2007 European Superbike World Championship round

Round details
- Round 3 of 13 rounds in the 2007 Superbike World Championship. and Round 3 of 13 rounds in the 2007 Supersport World Championship.
- ← Previous round AustraliaNext round → Spain
- Date: 1 April, 2007
- Location: Donington Park
- Course: Permanent racing facility 4.023 km (2.500 mi)

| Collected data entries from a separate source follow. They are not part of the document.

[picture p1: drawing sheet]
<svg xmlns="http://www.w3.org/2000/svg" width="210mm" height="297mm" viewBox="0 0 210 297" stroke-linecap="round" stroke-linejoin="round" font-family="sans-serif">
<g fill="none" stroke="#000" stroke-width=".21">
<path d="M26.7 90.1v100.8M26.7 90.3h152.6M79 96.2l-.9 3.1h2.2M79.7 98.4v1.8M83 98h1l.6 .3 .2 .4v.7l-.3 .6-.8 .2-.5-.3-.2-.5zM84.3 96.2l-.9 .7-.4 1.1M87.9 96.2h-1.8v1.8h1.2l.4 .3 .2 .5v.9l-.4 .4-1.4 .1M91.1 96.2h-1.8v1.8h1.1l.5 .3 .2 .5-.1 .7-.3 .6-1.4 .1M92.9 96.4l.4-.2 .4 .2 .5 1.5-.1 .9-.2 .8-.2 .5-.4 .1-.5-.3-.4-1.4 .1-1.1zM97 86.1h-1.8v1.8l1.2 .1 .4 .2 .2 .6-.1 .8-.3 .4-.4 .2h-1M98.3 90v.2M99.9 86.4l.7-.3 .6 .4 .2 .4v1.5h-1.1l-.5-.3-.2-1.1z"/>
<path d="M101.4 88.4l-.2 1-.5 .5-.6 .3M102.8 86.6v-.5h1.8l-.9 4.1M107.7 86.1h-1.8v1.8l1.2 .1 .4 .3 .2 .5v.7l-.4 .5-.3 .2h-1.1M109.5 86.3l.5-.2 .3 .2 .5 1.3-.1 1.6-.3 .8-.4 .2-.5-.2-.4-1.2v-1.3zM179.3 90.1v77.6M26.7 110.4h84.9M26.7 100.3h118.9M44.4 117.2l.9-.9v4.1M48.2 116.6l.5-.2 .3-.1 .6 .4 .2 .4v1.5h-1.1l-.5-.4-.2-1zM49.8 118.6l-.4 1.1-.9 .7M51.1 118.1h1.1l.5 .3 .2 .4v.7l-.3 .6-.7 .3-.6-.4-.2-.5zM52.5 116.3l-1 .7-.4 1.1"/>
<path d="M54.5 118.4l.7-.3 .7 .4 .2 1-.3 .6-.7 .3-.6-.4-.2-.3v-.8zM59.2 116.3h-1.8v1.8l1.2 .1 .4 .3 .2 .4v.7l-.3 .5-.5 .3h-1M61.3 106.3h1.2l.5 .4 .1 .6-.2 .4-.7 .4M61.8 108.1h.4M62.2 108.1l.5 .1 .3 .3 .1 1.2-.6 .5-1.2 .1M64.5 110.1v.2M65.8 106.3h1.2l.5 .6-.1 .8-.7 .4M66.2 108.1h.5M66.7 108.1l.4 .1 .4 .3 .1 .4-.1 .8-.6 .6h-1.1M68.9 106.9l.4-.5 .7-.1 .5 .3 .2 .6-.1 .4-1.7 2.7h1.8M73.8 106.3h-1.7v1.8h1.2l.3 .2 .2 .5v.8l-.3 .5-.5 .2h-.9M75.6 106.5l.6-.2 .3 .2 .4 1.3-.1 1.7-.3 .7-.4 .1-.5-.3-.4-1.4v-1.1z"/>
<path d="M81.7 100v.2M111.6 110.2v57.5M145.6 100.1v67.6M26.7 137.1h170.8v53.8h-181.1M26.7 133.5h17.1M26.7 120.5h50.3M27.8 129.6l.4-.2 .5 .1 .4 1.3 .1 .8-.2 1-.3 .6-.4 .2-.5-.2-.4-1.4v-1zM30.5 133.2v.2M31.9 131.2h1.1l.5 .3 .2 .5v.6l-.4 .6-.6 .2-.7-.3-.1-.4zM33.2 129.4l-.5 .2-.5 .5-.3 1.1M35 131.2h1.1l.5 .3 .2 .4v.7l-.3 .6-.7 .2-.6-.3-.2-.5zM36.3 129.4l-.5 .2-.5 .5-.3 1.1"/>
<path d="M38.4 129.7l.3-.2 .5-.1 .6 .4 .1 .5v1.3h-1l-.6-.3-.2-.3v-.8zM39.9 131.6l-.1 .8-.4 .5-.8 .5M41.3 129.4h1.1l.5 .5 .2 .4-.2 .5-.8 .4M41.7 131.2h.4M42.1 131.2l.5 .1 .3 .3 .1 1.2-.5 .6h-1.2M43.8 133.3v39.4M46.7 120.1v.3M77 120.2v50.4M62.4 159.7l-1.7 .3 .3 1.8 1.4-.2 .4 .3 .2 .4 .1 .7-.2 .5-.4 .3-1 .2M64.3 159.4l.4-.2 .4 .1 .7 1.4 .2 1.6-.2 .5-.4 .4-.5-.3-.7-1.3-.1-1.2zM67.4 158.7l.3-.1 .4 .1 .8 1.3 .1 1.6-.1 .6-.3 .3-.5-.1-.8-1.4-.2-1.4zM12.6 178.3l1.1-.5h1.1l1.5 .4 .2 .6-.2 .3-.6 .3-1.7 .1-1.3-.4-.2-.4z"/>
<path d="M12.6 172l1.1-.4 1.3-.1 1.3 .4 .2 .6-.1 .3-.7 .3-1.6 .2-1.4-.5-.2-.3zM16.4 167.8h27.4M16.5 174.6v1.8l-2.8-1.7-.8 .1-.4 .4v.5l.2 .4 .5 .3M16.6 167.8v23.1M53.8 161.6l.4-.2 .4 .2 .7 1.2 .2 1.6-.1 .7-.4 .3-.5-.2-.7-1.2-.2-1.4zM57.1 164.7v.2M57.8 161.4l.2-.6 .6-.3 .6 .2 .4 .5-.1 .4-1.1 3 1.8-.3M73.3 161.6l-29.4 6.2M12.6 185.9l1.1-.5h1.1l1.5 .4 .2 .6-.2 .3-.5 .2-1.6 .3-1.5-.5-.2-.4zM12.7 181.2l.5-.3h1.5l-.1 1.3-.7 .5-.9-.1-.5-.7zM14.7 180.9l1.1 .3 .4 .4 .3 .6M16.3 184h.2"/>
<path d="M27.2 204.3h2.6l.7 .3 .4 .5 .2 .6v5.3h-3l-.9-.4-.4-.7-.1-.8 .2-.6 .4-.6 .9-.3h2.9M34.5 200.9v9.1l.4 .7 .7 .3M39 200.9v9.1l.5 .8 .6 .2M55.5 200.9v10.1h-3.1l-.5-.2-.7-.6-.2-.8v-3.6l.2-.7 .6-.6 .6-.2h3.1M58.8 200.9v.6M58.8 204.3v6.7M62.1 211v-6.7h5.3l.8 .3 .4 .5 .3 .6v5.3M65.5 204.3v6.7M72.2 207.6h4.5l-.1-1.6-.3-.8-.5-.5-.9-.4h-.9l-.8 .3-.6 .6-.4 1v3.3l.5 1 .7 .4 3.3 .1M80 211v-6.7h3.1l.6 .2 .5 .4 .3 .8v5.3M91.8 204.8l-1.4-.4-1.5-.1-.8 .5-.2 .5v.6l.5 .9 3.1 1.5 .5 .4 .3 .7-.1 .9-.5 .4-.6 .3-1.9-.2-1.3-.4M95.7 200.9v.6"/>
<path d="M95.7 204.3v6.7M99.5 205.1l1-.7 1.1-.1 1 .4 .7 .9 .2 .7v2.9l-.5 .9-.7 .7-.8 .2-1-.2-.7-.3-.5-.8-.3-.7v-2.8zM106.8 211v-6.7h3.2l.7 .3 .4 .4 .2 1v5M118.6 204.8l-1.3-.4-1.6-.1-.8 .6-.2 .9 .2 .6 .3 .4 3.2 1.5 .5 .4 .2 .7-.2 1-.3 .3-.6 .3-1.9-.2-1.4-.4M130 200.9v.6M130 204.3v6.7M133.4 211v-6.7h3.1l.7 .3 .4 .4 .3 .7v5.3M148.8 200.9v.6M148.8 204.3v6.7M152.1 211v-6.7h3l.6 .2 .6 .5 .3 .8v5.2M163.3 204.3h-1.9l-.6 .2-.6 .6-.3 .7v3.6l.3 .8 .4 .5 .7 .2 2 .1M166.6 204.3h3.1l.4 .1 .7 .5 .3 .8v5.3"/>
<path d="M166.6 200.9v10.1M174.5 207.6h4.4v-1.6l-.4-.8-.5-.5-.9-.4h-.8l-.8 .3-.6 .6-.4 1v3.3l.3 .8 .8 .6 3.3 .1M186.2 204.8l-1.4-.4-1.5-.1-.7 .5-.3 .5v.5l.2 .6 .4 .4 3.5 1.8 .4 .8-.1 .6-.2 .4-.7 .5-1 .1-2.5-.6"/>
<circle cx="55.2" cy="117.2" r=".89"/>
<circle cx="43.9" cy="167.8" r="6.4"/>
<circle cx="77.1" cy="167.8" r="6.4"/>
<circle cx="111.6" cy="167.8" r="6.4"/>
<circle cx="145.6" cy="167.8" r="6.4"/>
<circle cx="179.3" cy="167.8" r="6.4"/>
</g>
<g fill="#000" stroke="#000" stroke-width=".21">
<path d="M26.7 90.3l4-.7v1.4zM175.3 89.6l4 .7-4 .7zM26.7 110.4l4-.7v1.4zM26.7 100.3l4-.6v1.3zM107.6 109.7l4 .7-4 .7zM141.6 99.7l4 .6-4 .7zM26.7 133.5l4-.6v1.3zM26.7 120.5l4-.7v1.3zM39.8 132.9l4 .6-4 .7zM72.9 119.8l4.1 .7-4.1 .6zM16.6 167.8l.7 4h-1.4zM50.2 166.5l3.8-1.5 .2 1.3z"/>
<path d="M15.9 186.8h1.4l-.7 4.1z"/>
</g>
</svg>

Superbike World Championship
Pole position
Troy Bayliss
1:32.333
| Fastest lap race 1 | Fastest lap race 2 |
| Troy Bayliss | Noriyuki Haga |
| 1:31.575 | 1:31.634 |

Supersport World Championship
| Pole position |
| Pere Riba |
| 1:34.066 |
| Fastest lap |
| Katsuaki Fujiwara |
| 1:33.848 |

= 2007 Donington Park Superbike World Championship round =

The 2007 Donington Park Superbike World Championship round was the third round of the 2007 Superbike World Championship. It took place on the weekend of 30 March-1 April 2007. The round at Donington marked World Superbike's 20th anniversary with the first ever meeting being held at the Derbyshire circuit on 3 April 1988. For the 2007 season, World Superbike returned to Donington Park for the first time since 2001.

==Overview==
In celebration of the 20th anniversary a parade lap of former Superbike stars and champions was organised featuring Fred Merkel, Aaron Slight, Scott Russell, Piergiorgio Bontempi, Peter Goddard, Marco Lucchinelli, Davide Tardozzi, Fabrizio Pirovano, Roger Burnett, James Whitham, Pierfrancesco Chili, Neil Hodgson and John Reynolds.

On lap six of the first World Superbike race of the day, Troy Bayliss crashed at Coppice corner. His right hand was momentarily caught between the handle bar and the frame of the motorcycle during the crash; the resulting injury required the surgical removal of the intermediate and distal phalanges of his little finger. In the same incident he also suffered an injury to the groin described by the rider as a split atom.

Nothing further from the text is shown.